Ben Roethlisberger is a top three quarterback in the league with two Super Bowl Championships.  Last season he reached the level of being an elite passer throwing for a career high 4,328 yards while completing nearly 67 percent of his passes.  With continued improvement over his career, Roethlisberger should be even better this upcoming season.


There are concerns though.  First, since 2006, Roethlisberger has been sacked at least 46 times per season, including 50 times last season.  This has resulted in two concussions in the past two years in addition to a multitude of other injuries.  Of more concern now are Roethlisberger’s legal problems.  With two sexual assault cases, there is potential for a suspension from the league.


If anything does come from this, that would leave the Steelers in the hands of third year quarterback Dennis Dixon.


Dixon handled himself well in his only start of his career last season.  He contributed two touchdowns against a good Baltimore defense, one rushing and one passing.  Both were when he was allowed to move the pocket, one of his strengths.  If the coaching staff continues to use Dixon to his strengths, he will be an excellent backup. 

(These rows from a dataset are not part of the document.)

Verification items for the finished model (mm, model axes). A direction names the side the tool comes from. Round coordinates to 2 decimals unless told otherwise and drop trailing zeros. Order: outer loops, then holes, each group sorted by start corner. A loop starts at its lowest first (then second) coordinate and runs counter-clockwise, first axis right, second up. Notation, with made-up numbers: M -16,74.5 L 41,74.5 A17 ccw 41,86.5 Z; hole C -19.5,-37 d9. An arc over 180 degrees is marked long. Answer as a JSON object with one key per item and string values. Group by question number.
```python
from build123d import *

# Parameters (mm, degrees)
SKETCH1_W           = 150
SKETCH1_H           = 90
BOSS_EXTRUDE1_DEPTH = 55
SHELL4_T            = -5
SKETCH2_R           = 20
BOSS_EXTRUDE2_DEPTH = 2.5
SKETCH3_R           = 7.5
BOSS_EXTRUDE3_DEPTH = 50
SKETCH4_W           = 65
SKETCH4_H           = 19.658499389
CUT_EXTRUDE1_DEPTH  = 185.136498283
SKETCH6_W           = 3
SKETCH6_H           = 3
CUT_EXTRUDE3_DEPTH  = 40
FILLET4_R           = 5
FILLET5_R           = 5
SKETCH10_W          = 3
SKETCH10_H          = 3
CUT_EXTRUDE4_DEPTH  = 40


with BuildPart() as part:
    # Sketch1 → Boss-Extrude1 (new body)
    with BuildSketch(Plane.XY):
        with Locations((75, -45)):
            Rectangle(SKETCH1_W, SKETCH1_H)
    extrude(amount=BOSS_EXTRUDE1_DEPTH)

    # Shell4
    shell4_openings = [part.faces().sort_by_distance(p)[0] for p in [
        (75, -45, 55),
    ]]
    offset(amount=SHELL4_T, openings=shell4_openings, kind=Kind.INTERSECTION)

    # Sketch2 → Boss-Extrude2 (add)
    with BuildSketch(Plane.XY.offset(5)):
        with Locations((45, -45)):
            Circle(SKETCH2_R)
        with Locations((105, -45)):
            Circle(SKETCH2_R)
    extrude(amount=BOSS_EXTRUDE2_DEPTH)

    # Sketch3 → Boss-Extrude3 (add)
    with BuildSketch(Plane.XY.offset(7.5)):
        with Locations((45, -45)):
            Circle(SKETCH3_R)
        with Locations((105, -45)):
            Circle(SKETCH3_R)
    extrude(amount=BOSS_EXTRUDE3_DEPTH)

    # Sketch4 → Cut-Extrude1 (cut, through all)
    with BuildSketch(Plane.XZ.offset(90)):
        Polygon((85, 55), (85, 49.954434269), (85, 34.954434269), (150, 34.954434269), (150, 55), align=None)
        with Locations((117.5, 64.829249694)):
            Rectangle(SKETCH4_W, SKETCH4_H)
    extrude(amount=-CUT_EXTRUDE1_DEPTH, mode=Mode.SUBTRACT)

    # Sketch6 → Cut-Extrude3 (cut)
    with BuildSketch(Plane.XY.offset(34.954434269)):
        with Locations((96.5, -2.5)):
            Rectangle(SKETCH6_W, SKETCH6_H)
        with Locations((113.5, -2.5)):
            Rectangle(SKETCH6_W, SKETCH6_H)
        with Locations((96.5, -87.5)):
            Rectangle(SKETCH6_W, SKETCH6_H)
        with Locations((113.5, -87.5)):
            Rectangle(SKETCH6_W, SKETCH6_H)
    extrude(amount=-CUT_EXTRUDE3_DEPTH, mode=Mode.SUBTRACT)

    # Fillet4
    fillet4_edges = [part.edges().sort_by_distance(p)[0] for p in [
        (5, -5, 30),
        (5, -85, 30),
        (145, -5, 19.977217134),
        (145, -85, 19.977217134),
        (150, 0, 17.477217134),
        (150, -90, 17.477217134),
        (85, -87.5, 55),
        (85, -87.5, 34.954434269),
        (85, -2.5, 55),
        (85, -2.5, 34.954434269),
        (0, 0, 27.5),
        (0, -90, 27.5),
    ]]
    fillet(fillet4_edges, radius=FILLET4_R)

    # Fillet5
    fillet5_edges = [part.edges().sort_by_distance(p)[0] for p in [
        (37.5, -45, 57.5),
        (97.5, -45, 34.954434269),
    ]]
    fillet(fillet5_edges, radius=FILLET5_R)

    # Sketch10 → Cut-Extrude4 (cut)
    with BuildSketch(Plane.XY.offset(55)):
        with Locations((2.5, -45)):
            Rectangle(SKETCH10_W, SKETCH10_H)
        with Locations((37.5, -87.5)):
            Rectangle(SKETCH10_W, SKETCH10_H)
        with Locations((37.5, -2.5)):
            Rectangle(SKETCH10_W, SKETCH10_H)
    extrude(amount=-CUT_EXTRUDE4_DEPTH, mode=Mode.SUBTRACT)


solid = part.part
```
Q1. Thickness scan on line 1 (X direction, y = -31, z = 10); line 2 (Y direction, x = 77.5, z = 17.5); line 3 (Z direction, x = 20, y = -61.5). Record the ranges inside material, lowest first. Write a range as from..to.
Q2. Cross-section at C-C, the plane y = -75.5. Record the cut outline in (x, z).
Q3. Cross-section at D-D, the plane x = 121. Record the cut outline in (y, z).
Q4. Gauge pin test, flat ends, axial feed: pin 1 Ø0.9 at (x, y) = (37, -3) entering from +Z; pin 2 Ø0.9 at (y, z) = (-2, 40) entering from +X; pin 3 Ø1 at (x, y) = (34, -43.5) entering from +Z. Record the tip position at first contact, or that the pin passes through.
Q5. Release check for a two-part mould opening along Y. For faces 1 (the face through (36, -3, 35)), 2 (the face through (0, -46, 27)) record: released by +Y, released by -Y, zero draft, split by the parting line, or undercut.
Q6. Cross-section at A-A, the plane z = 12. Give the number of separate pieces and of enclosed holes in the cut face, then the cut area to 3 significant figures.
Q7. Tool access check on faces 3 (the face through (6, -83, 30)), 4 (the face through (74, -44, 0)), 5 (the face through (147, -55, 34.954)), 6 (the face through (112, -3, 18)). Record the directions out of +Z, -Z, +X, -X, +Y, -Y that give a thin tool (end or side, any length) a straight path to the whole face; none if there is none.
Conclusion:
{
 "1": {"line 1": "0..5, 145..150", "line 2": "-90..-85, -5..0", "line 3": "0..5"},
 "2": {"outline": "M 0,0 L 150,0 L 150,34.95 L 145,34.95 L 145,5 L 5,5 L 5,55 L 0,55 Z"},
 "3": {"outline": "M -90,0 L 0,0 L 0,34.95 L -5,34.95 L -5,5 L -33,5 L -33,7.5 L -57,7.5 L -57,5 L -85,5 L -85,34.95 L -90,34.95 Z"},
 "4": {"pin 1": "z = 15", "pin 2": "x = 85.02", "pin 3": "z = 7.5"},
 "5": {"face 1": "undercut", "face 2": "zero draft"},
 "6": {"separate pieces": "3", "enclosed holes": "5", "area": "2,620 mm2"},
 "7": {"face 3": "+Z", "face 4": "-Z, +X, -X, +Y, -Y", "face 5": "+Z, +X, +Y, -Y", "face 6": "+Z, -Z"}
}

Given that Charlie Batch is a free agent, it is likely that Dixon will be given the backup role.  He will benefit from the reps that he will get in practice and this will further his development.  But with Dixon moving up the depth chart and Batch possibly moving on, the Steelers will have the need for a third string quarterback.


With needs elsewhere, it is unlikely that Pittsburgh uses a top three selection on a quarterback.  Instead, a mid-late round choice would be worthwhile to add another developmental prospect to the mix. 



Draft Need: 1


After applying the franchise tag to Jeff Reed, the need for a kicker became non-existent.  Reed has established himself as one of the best kickers in the league and is a clutch playoff performer.  While his kickoffs leave a lot to be desired, his leg is still adequate if the special teams coverage improves.  More importantly, Reed has connected on nearly 89 percent of his field goals since 2007.


If Pittsburgh wants to save a luxury roster spot for a kickoff specialist, the Steelers may select a strong leg kicker late in the draft or find one as a rookie free agent.